I explained what I needed.
I explained that I needed what was taken from me. A place to live, a place to work out of. I explained the reasons why. I explained what I needed to do, and that is write everything out. The truth. I believe I explained that work helps me. I also believe I explained that if I fall any further, I will never get back up.
He was proud. He was confident. Until I asked him if he had ever been Self-Employed. Suddenly, he was useless. It was all in his face as he said no. This is not meant to mock him at all. The System sure, let’s expose it for what it is.
His recommendation was Welfare – unless he could look into a few different other things previously offered. On the idea of Welfare, how would that actually help me? How would it help anyone? It won’t even pay for the room that I am staying in.

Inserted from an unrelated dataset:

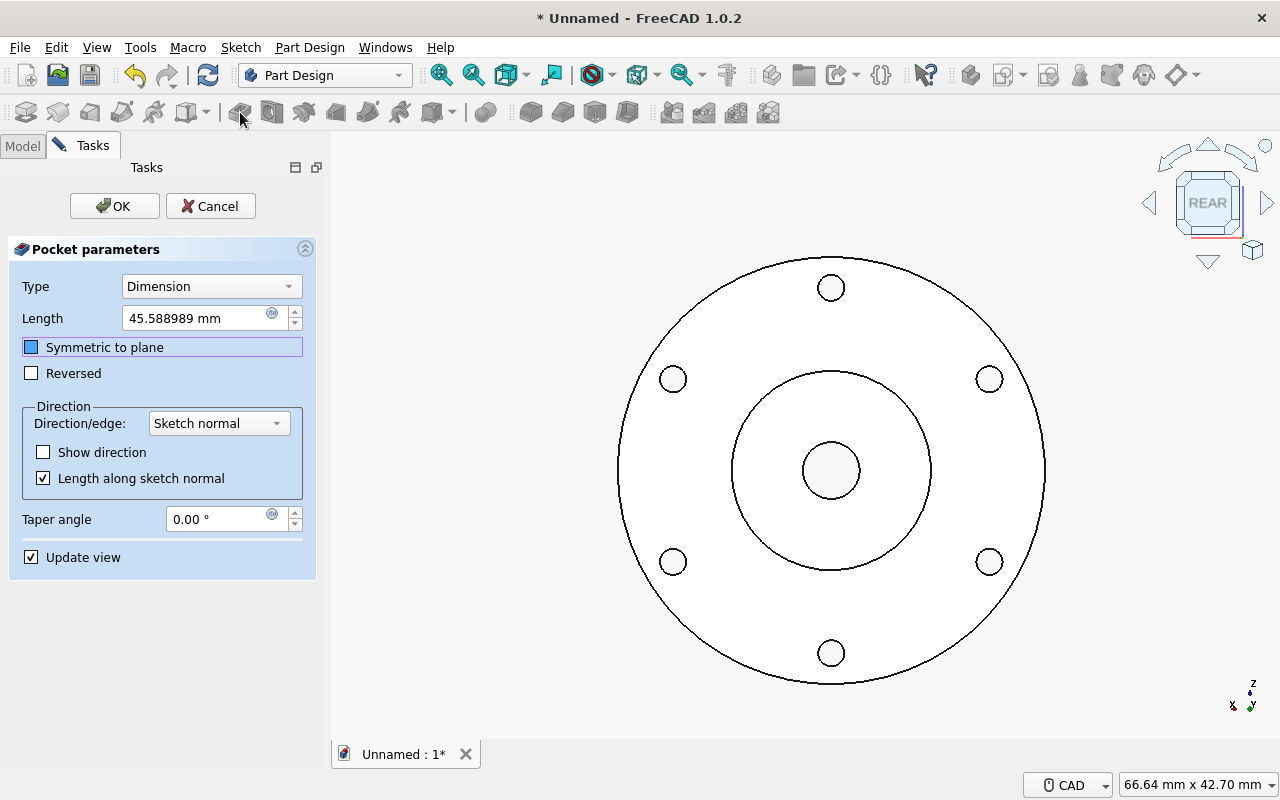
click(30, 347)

All it will do is create dependency. More meetings. More control. Bureaucracy and red tape. Not to mention, it cripples one’s pride. $40+/hr, down to a recommendation of Welfare? What a complete waste of time this meeting was. What a waste.
At the end, he concludes that
I am just Barely Surviving.
I gave him my email address and encouraged him to write me if he had thought of anything. I wonder if he will email. At the time of this writing, 2017-01-10, I have not heard a word. Perhaps I need to email, I have so much to do. I actually suspect, that I might not make it. It’s not as simple as many people assume.